If you have something like ,

int k = 1683 ;
int *l = &k;

If You Dereference Pointer l then it will correctly read integer bytes. Because You declared it to be pointer to int . It will know how many bytes to read by sizeof() operator. Generally size of int is 4 bytes (for 32/64-bit platforms) but it is machine dependent that is why it will use sizeof() operator to know correct size and will read so .Now For Your Code

 int k = 1683;
 char *a = &k;
 int *l  = &k;

Now pointer p points to y but we have declared it to be pointer to a char so it will only read one byte or whatever byte char is of . 1683 in binary would be represented as

        00000000 00000000 00000110 10010011

Now if your machine is little endian it will store the bytes reversing them

        10010011 00000110 00000000 00000000

10010011 is at address 00 Hypothetical address , 00000110 is at address 01 and so on.
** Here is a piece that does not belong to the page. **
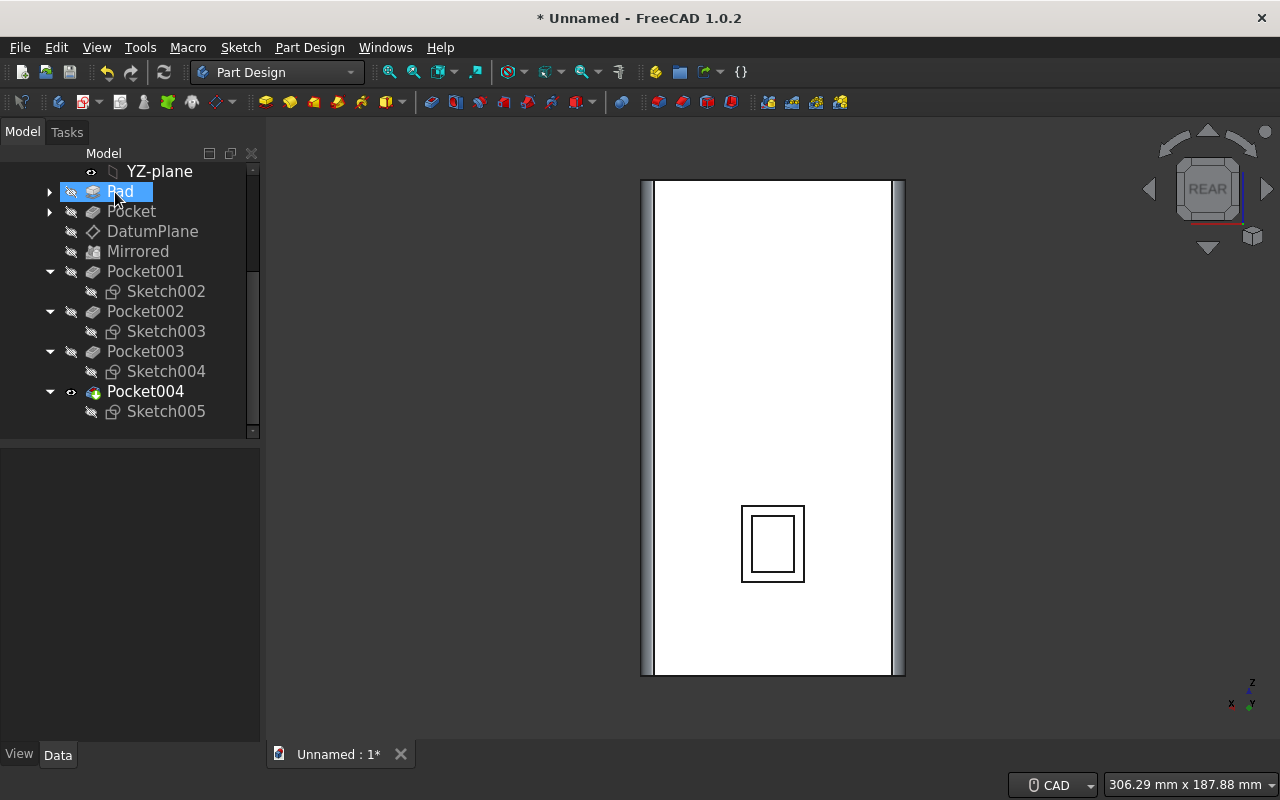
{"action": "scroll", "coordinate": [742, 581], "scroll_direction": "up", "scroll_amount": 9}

BE:      00   01   02   03
       +----+----+----+----+   
    y: | 00 | 00 | 06 | 93 |
       +----+----+----+----+


LE:      00   01   02   03
       +----+----+----+----+
    y: | 93 | 06 | 00 | 00 |
       +----+----+----+----+

(In Hexadecimal)

So now if you dereference pointer a it will read only first byte and output will be -1 as byte read would be 10010011(Because we pointed signed char ,so the most-significant bit is the sign bit. First bit 1 denotes the sign. 10010011 = –128 + 16 + 2 + 1 = –109.) and if you dereference pointer l it will completely read all bytes of int as we declared it to be pointer to int . And output will be 1234

And Also if you declare pointer l as int *l then *l will read sizeof(int) usually 4 bytes(Depends On Machine Architecture) and *(l+1) will also read that many bytes . Same goes with char or any other data type the pointer pointed to them will read as many bytes there size is of , char is of 1 byte.

Answer 6

It happens because of byte order: https://en.wikipedia.org/wiki/Endianness

You actually take address of byte 10010011, which is -109.